Onderdeel van zaak 2022Z00414:
- Indiener: F.M. Weerwind, minister voor Rechtsbescherming
- Voortouwcommissie: vaste commissie voor Justitie en Veiligheid
- 2022-01-20 13:00: Procedures en brieven (hybride) (Procedurevergadering), vaste commissie voor Justitie en Veiligheid
- 2022-01-25 15:35: Regeling van werkzaamheden (Regeling van werkzaamheden), TK
- 2022-03-17 10:00: Justitiële jeugd (Commissiedebat), vaste commissie voor Justitie en Veiligheid
- 2023-04-13 14:20: Aanvang middagvergadering: Regeling van werkzaamheden (Regeling van werkzaamheden), TK
Preview document (🔗 origineel)
Tweede Kamer der Staten-Generaal | 2 |
Vergaderjaar 2021-2022 |
24 587 Justitiële Inrichtingen
Nr. 823 BRIEF VAN DE MINISTER VOOR RECHTSBESCHERMING
Aan de Voorzitter van de Tweede Kamer der Staten-Generaal
Den Haag, 13 januari 2022
Hierbij informeer ik uw Kamer over een incident op 12 januari jl., waarbij een jongere die was geplaatst in de Justitiële Jeugdinrichting (JJI) Den Hey-Acker is gevlucht en om het leven is gekomen.

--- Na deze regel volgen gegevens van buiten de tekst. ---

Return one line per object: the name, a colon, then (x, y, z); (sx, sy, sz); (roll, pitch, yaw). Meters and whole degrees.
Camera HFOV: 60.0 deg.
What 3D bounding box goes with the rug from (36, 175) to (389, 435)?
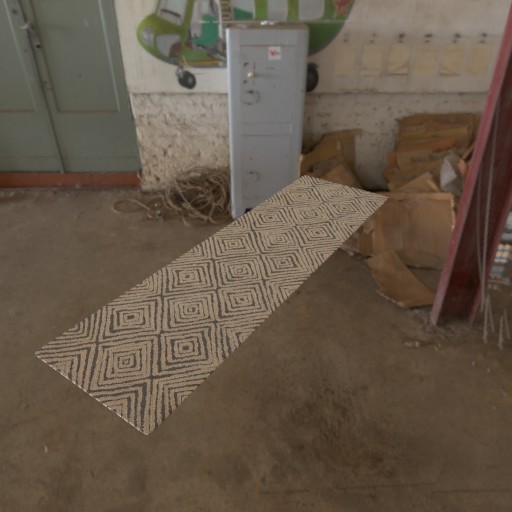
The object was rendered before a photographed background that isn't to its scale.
rug: (0.000, 0.000, 2.469); (0.676, 0.008, 2.277); (21, 39, 29)

De jongere verbleef in de JJI op basis van een PIJ-maatregel (Plaatsing in een Inrichting voor Jeugdigen). In de laatste fase van de behandeling van de PIJ-maatregel wordt een verlofplan opgesteld. De jongere had sinds augustus 2021 onbegeleid verlof en werkte door de week buiten de inrichting. Op 12 januari kreeg Den Hey-Acker een melding van de werkgever dat de jongere die dag drie uur afwezig was geweest. Hierop zijn twee medewerkers de jongere gaan halen om hem terug te brengen naar de inrichting.
Na vertrek met de jongere naar de JJI bleek de jongere over een vuurwapen te beschikken. De medewerkers zijn onder dwang van het vuurwapen naar België gereden en daar door de jongere uit de auto gezet. De medewerkers hebben direct de Belgische politie gebeld. Bij een vuurgevecht met de Belgische politie is de jongere geraakt en ondanks reanimatie ter plekke overleden.
De betrokken medewerkers zijn gelukkig fysiek ongedeerd gebleven. Er is nazorg voor het betrokken personeel en de medegedetineerden. De nabestaanden van de jongere zijn geïnformeerd.
Dit is een verschrikkelijk incident dat veel vragen oproept. Daarom wordt dit grondig onderzocht. Zowel de Belgische als de Nederlandse politie doen onderzoek naar het incident. Zoals gebruikelijk bij dergelijke incidenten is de Dienst Justitiële Inrichtingen gestart met een onderzoek naar de toedracht. Het incident is ook gemeld bij de inspecties. De gezamenlijke inspecties hebben mij laten weten onderzoek te doen naar het incident.1
Over de uitkomsten van de onderzoeken zal ik uw Kamer te zijner tijd informeren.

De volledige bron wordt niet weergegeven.